Print out the varibles if you're unsure what's happening. Finally, let's make the violin plot:

In [None]:
plt.ylim(0, 1) # make the y-axis go from 0 to 1
plt.violinplot(data, showmeans=True, showextrema=False)
plt.xlabel('Category system')
plt.ylabel('Accuracy')
_ = plt.xticks([1, 2, 3], labels=['Angle', 'Size', 'Both'])

Great! Now we can get a sense of how much variation there is across participants within each condition. This is much more informative than just looking at the means (shown here with the dark blue lines).

If you still have time... make a violin plot of the comprehension test data, which we ignored earlier on by extracting only the production test.

Matplotlib is quite old and crusty, and it can sometimes be hard to achieve exactly the look you want. For a more modern plotting package, I'd also recommend checking out [Seaborn](https://seaborn.pydata.org). Seaborn builds on top of Matplotlib, but it's generally a bit cleaner and easier to use.

##  Arrivederci to Notebooks!

This is the last class in which we'll use Jupyter Notebook. Does that make you feel happy or sad? Do you like the notebook format? Have you had any issues with it? Have you used something like this before in another language?

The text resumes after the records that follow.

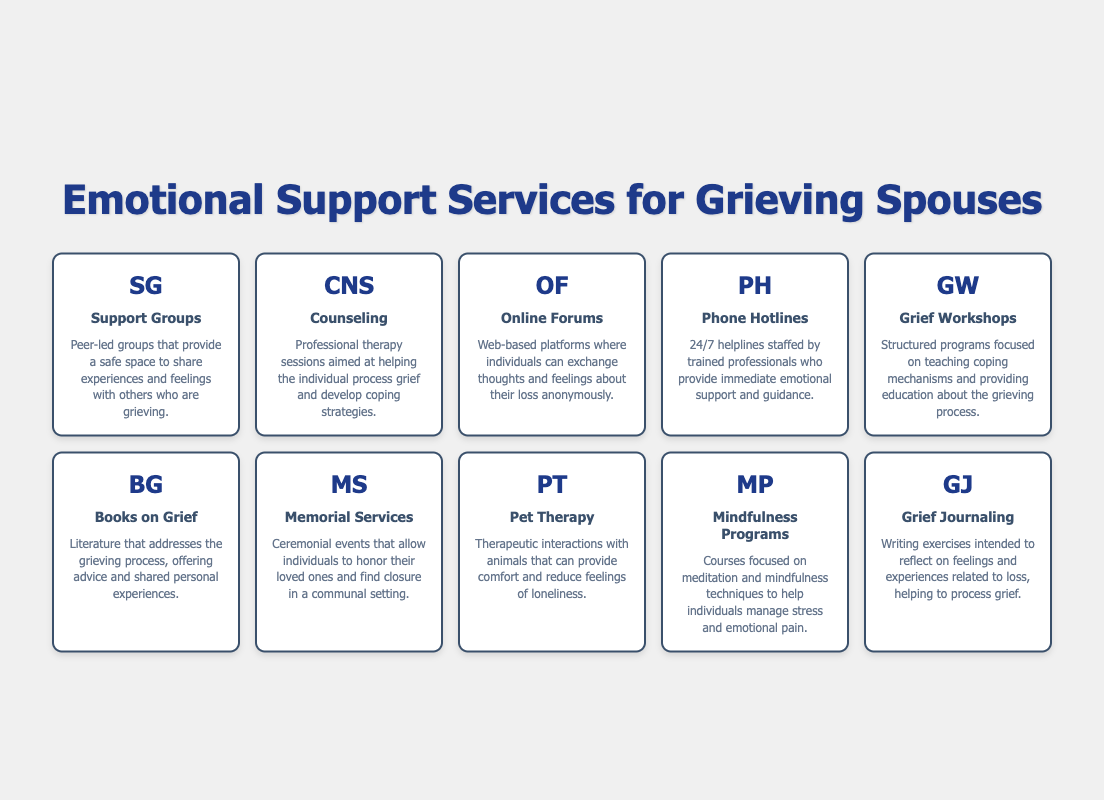What is the main purpose of Support Groups? The table indicates that Support Groups provide a safe space for individuals to share experiences and feelings with others who are grieving. This aligns with the description given for this service.
Answer: To share experiences and feelings Which service offers therapy sessions to process grief? Referring to the table, Counseling is described as professional therapy sessions aimed at helping the individual process grief and develop coping strategies, confirming this service's purpose.
Answer: Counseling How many services are focused on learning coping mechanisms? The table lists Grief Workshops and Mindfulness Programs as services aimed at teaching coping mechanisms. By counting these two, we confirm that there are two services designed for this purpose.
Answer: 2 Are online forums a source for grief support? The table specifies that Online Forums are web-based platforms where individuals can exchange thoughts and feelings about their loss anonymously. This confirms that online forums indeed provide a form of grief support.
Answer: Yes What type of service is designed to help reduce feelings of loneliness? Pet Therapy is the service in the table that focuses on therapeutic interactions with animals to provide comfort and reduce loneliness, as described.
Answer: Pet Therapy What is the difference between Grief Workshops and Books on Grief in terms of their focus? Grief Workshops are structured programs aimed at teaching coping mechanisms, while Books on Grief are literature that offers advice and shared experiences. The difference lies in the interactive, educational nature of workshops versus the passive reading experience of books.
Answer: Workshops focus on teaching; books offer advice Which two services are available for immediate emotional support? The Next step involves identifying services for immediate support, and from the table, we see Phone Hotlines provide 24/7 help, while Support Groups allow for sharing experiences. Thus, the two services are Phone Hotlines and Support Groups.
Answer: Phone Hotlines and Support Groups What kind of assistance does Grief Journaling provide? Grief Journaling involves writing exercises intended to reflect on feelings and experiences related to loss, helping individuals process grief. This descriptive element helps clarify the assistance provided by this service.
Answer: Assistance in processing grief Which service allows people to honor their loved ones? The service named Memorial Services in the table is specifically stated as allowing individuals to honor their loved ones and find closure, making it clear that this service fulfills that need.
Answer: Memorial Services

Personally, I don't *love* notebooks, although I understand why many people do. The really nice thing is that you can mix text and code together. This makes notebooks very useful in an educational context – like this class – because we can mix code with explanations. Notebooks can also be useful in a scientific context because they allow you to clearly document your thought processes as you explore some data.

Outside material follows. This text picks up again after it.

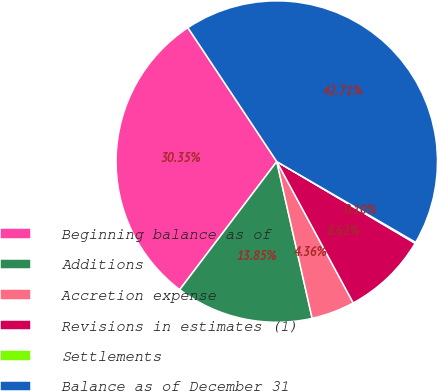<chart> <loc_0><loc_0><loc_500><loc_500><pie_chart><fcel>Beginning balance as of<fcel>Additions<fcel>Accretion expense<fcel>Revisions in estimates (1)<fcel>Settlements<fcel>Balance as of December 31<nl><fcel>30.35%<fcel>13.85%<fcel>4.36%<fcel>8.62%<fcel>0.1%<fcel>42.71%<nl></chart> 
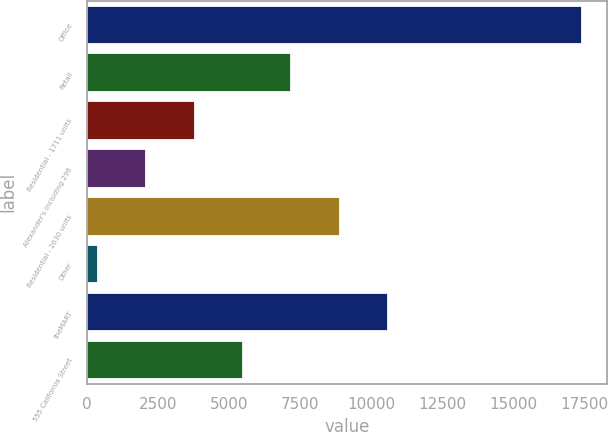<chart> <loc_0><loc_0><loc_500><loc_500><bar_chart><fcel>Office<fcel>Retail<fcel>Residential - 1711 units<fcel>Alexander's including 296<fcel>Residential - 2630 units<fcel>Other<fcel>theMART<fcel>555 California Street<nl><fcel>17412<fcel>7196.4<fcel>3791.2<fcel>2088.6<fcel>8899<fcel>386<fcel>10601.6<fcel>5493.8<nl></chart>

However, in my experience, the notebook style of coding tends to get a bit messy and confusing, mostly because it's difficult to keep track of the current "state" of the underlying interpreter. For example, let's say we run the following code block:

In [None]:
my_special_number = 7

Then, maybe we do some calculations with this variable:

In [None]:
answer = my_special_number ** 2 + 100
print(answer)

Okay, great! The answer is 149. Now I run some more code:

In [None]:
magical_constant = 64
my_special_number = 10
answer = magical_constant * my_special_number
print(answer)

Okay, 640, sure. Now go back to the previous code block and run it again – the one where we got the answer 149. Did you get the same answer? You should get 200 instead – it no longer gives you 149. Why? Because in the subsequent code block you redefined `my_special_number` to `10`, perhaps without even realizing.

It's very easy to get into confusing situations like this because code blocks can be run in any order. If you lose track of what order you ran things in, you can quickly get in a pickle! Notebooks go against the top-to-bottom sequential flow that we normally expect when programming. Instead, the sequential flow – the order in which the lines of code are run – exists only in your head and remains undocumented. I don't want to totally dissuade you from using notebooks (there are many good reasons to use them), but it's worth thinking about these issues if you plan to use them in the future.

If you want to think more about these problems, check out this video titled "I Don't Like Notebooks": https://www.youtube.com/watch?v=7jiPeIFXb6U (warning: the guy talks really fast – turn down the playback speed if you can't understand him!) I tend to agree with many of his points. What do you think?

## Homework

Take a dataset that you're currently working on, and try to use some the tools we've learned today. Or if you don't have your own dataset, look around online for something that interests you (e.g. climate change, covid numbers, or sports statistics). Can you import the data as a Pandas data frame? Practice extracting different rows and columns. Can you make some pretty plots?